Nowhere is this more apparent than with respect to the NIH’s proposal to remove the RAC’s protocol review authority and make it solely an advisory committee. The publicly available review of protocols by the RAC allows for important public deliberation about whether certain types of human subjects research—for instance, research on germline editing—should be initiated in the first place. This type of review is an important complement to local IRB and IBC review.
PRIM&R concludes its comments with a request that NIH leadership preserve the RAC’s status as a public forum and provide more detail about its future plans for the RAC.

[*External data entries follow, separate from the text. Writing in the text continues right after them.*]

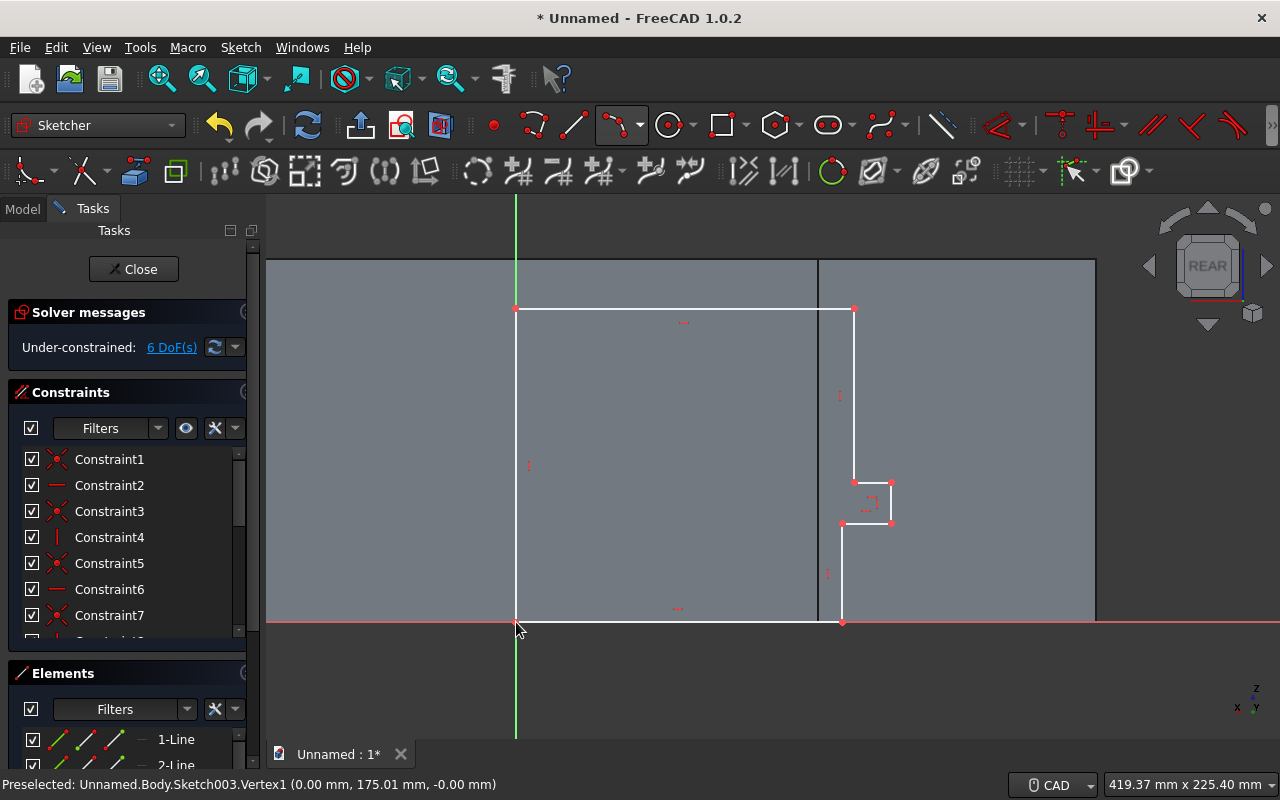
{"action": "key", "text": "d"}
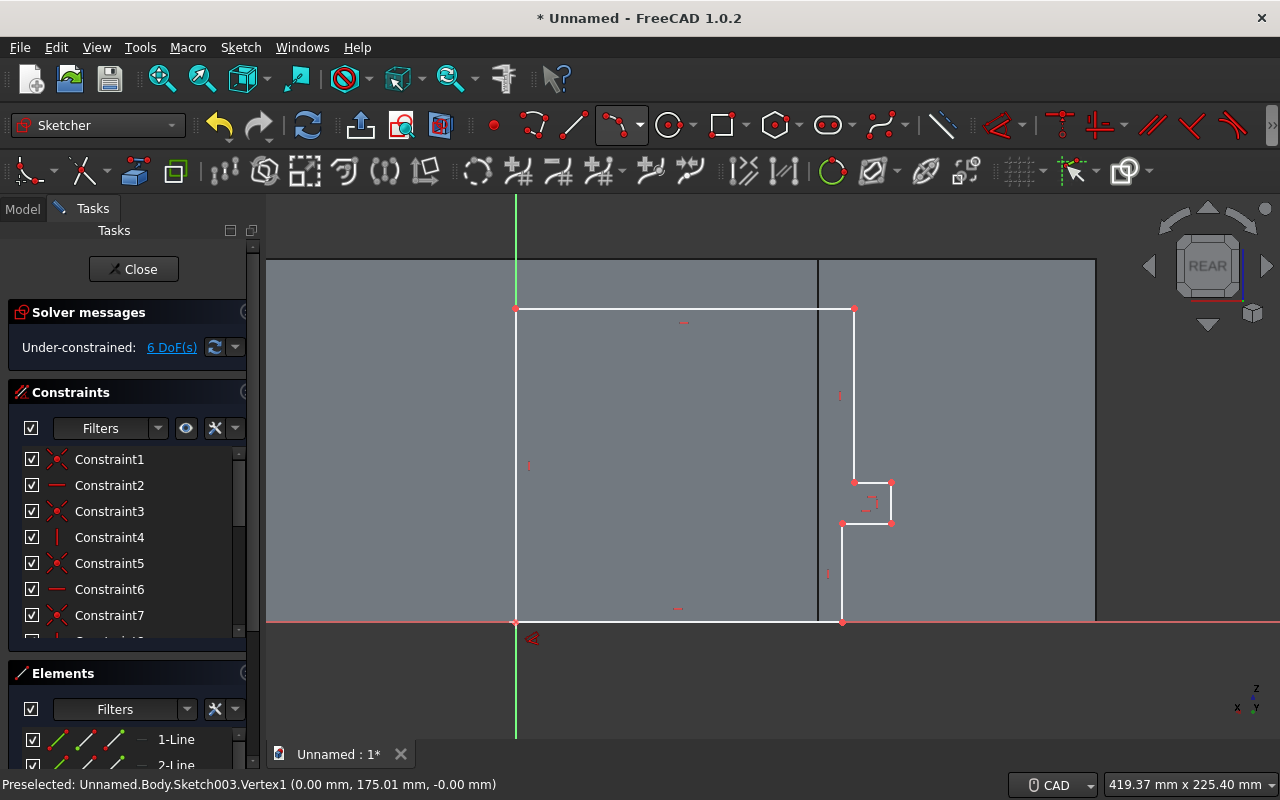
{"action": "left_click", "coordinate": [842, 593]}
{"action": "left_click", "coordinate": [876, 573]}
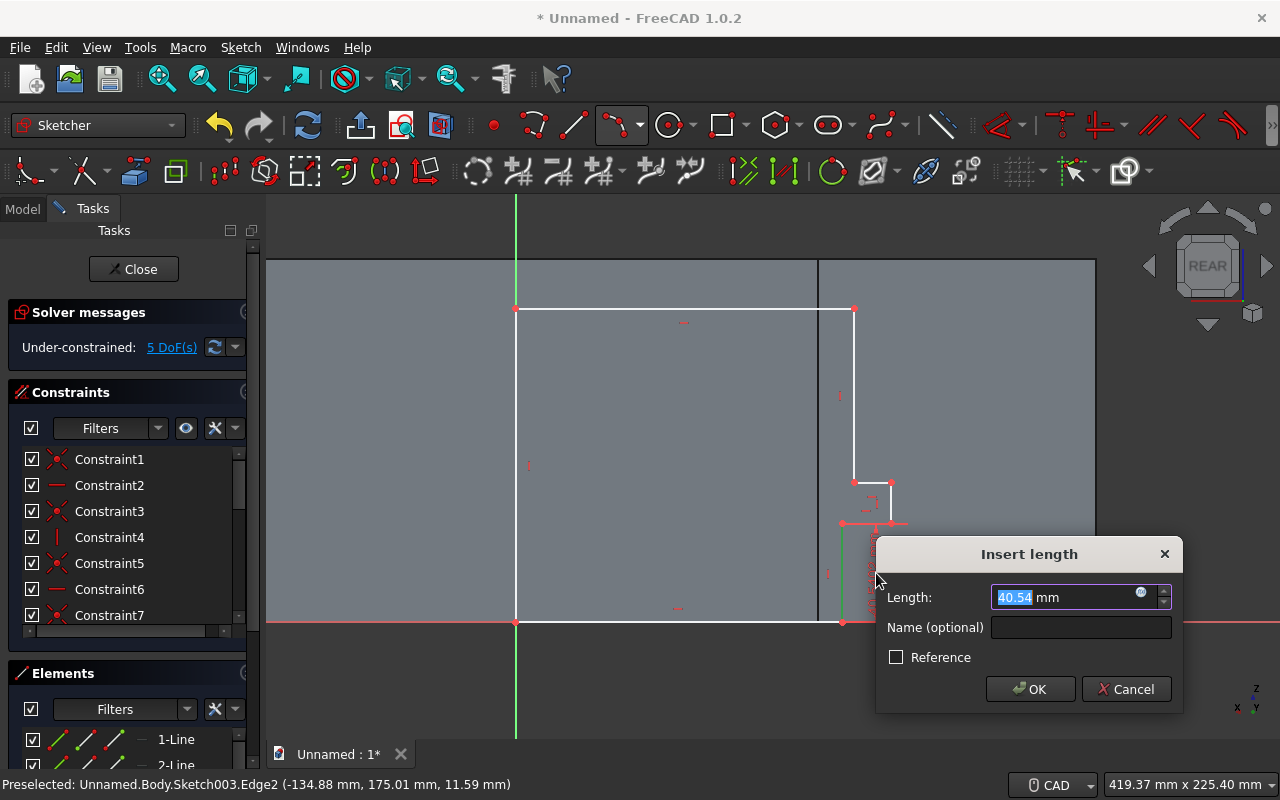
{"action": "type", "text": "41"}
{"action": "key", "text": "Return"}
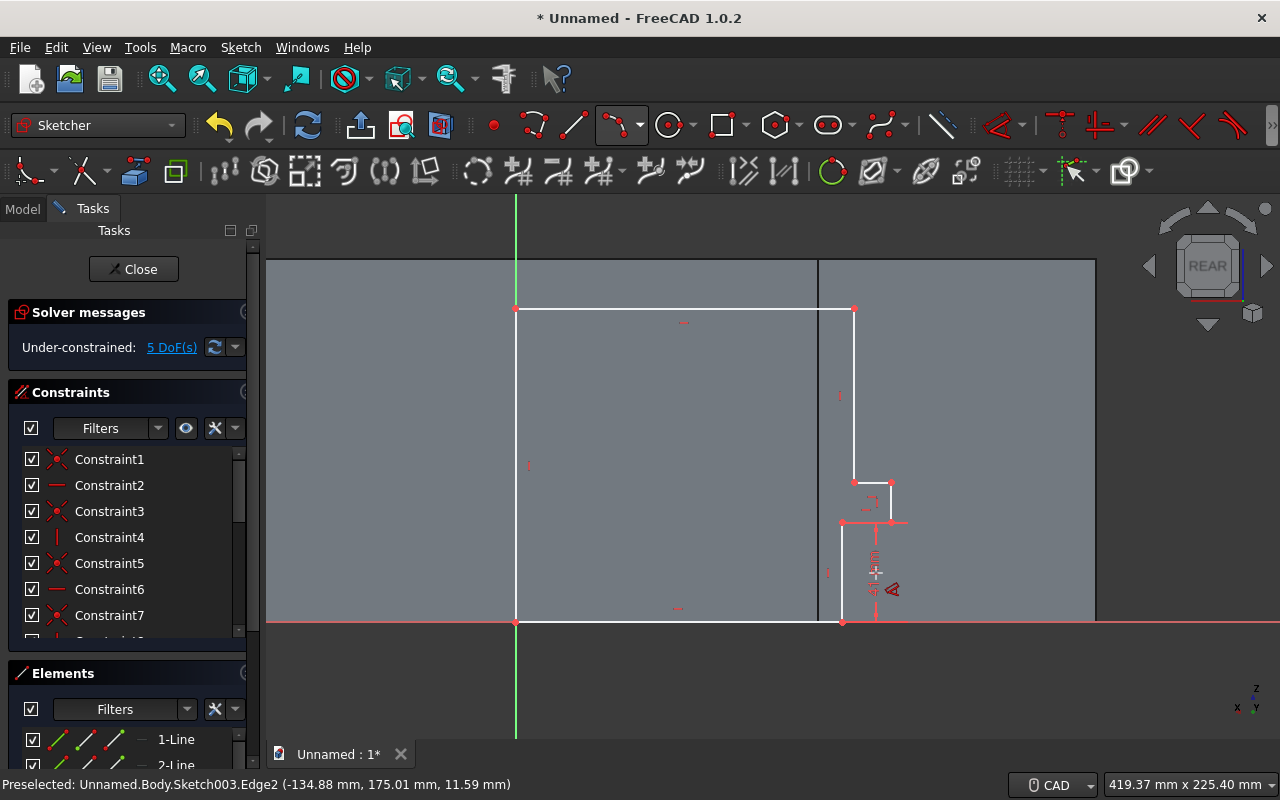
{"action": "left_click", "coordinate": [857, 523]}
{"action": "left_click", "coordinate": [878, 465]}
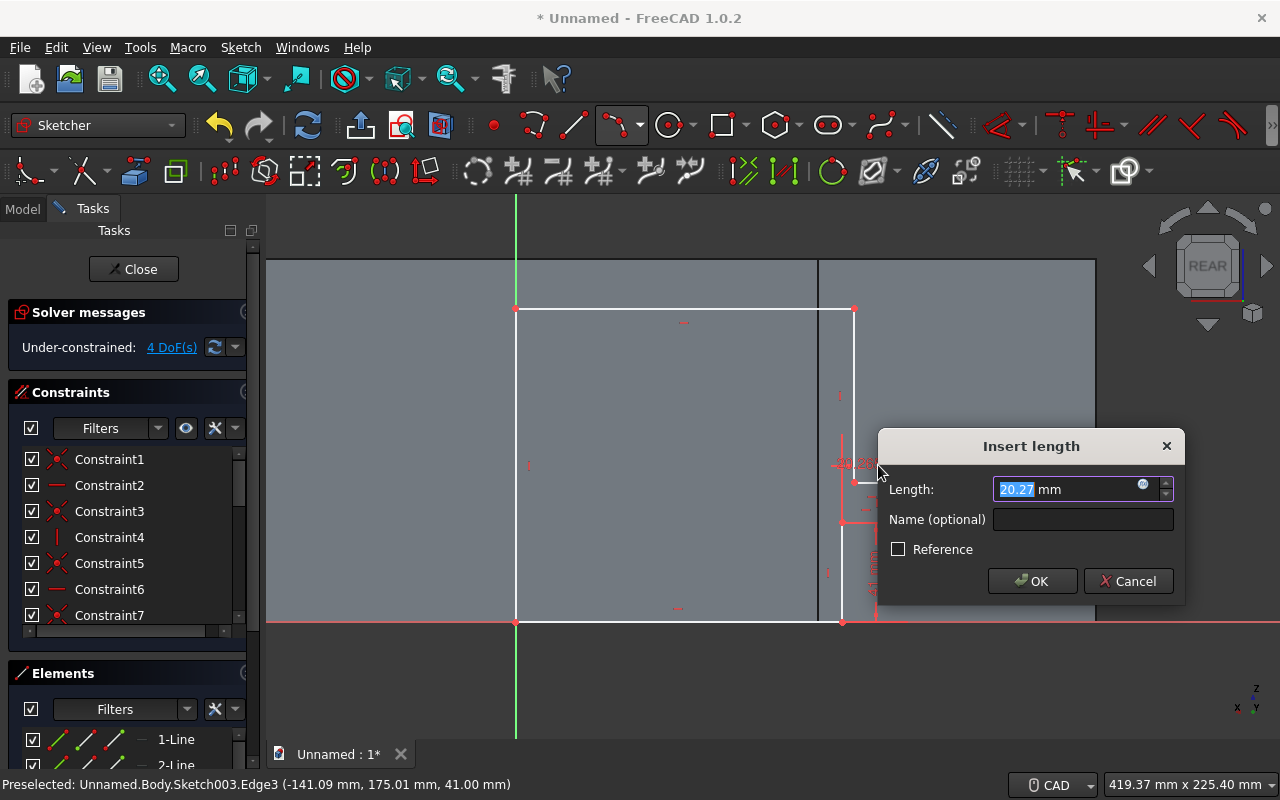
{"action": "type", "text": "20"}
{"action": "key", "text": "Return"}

The NIH is asking interested parties to send their comments to SciencePolicy@od.nih.gov. Due to technical issues, the National Institutes of Health (NIH) extended their public comment period to October 25, 2018. We also encourage and welcome you to share your thoughts on our comments or the NIH proposal by leaving a comment below.
PRIM&R & Director Hurley,
Thank you for your submission.
Your comment correctly agrees with the need to streamline current duplicating reviews. But your comment also correctly points out, the NIH proposal has the following fatal flaws, expressed in my language:
1] It proposes that we accept both its change of the RAC plus a promised revised “RAC” — without revealing what that revised RAC will be. (Say WHAT! In the vernacular, such a sale is called being asked to “buy a pig in a poke.”)
2] It proposes to totally ignore or reject NASEM’s 5 strong recommendations #s 7.1 to 7.5 in Chapter 7 in the 2017 NAP report. It provides not a single substantive reason to ignore or reject those 5 strong recommendations, in either the proposal itself nor the article in the New England Journal of Medicine. (The latter cited the NAP 2014 report, but not NASEM’s 2017 report.)